Discussing mental health treatment in this country is more thou-shalt-not than a CIA sex scandal. Acknowledging it directly conflicts with our American individualism -- the idea that there are chemicals and traumas and circumstances that cannot be "conquered" through willpower alone.

A few months ago, I attended a workshop where we had to listen, in silence, to another person speak for three minutes. We weren't allowed to nod, or smile, or chime in with our own experiences. The premise for this work was that most of us spend our lives wandering around trying to find someone to listen to our stories. We are engineered to share -- the latest work debacle, the new family addition, the goofy dog photo. Our social network titans figured this out before anyone else -- that we would rather let our whole lives be known to the world than suffer in silence. But we know that Facebook is not the place to achieve catharsis -- though some people certainly try!

Therapists listen when no one else does. Practitioners of talk therapy recognize that it doesn't take a medical degree to know that many of us spend our lives feeling as if no one is listening, as if we are all shuffling along in our private universes. And yet we treat our therapists, and mental health professionals, as though they were our secret shame. The persistent stigma attached to mental health services continues to damage our national health.

Acknowledging to a friend that you even have a therapist is almost a "coming out" moment. In fact, my therapist was the first person to know about me. Without him, I wonder if I would have made the transition to adult life so much more easily than the other Southern gay men I met, who descended into depression and despair. There were no marriage victories then, only headlines of defeat. I wonder if I would have been able to sustain a lasting relationship, or to learn how to trust other people, if not for him.

The therapist-patient relationship I had took many, many years to develop. Even after years of knowing him, there were still many wasted sessions when I talked about the weather, too afraid to make any part of myself known. Since moving to Massachusetts almost five years ago, I haven't had a therapist. I hope that I will have the courage to find one if I need help again.

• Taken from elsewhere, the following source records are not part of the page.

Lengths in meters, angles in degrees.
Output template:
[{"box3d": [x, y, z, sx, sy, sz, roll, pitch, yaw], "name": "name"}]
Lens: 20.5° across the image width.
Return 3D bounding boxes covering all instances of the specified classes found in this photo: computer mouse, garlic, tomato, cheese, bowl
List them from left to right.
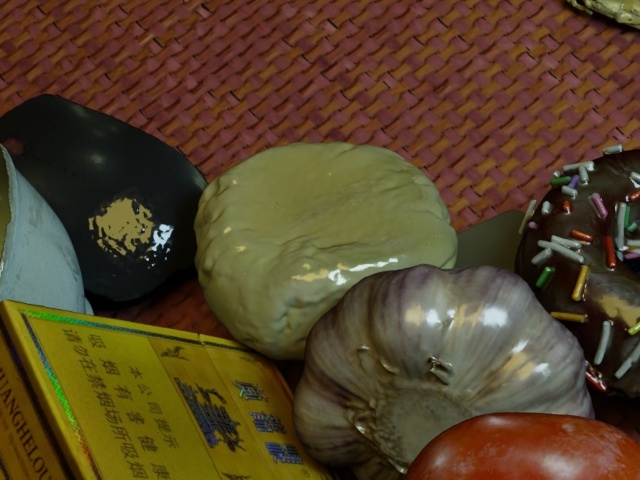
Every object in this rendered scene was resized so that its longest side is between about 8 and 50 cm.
[{"box3d": [-0.284, 0.082, 1.530, 0.313, 0.146, 0.313, -37, 40, 40], "name": "bowl"}, {"box3d": [-0.229, -0.047, 1.655, 0.295, 0.087, 0.168, 29, 70, 27], "name": "computer mouse"}, {"box3d": [0.000, 0.000, 1.542, 0.226, 0.117, 0.214, -9, 44, -15], "name": "cheese"}, {"box3d": [0.101, 0.119, 1.426, 0.245, 0.245, 0.160, 5, 25, 13], "name": "garlic"}, {"box3d": [0.154, 0.226, 1.247, 0.232, 0.188, 0.232, 0, 86, -6], "name": "tomato"}]

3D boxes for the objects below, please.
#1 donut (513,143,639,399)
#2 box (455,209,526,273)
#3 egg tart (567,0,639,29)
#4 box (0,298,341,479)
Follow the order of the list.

The sad fact is that, as a country, we have decided to ignore mental illness. According to our policy of neglect, homeless people are homeless by choice. Long-term care barely exists since we devolved everything into "community centers," which also really don't exist. And when we're suffering from personal problems, we don't turn to therapists the way that we turn to other doctors -- we turn to self-medication and self-loathing, and we retreat. We systematize dysfunction. We accept that our problems are our own and no one else's, and we refuse to ask for help. To admit "weakness" is to refute American exceptionalism.

I hope that we can move past this 19th century worldview. We should start referring friends to good therapists, unashamedly, the way we would refer them to a good dentist. For now, I thank my own, and hope that others find their own path to wellness, no matter what anyone else says.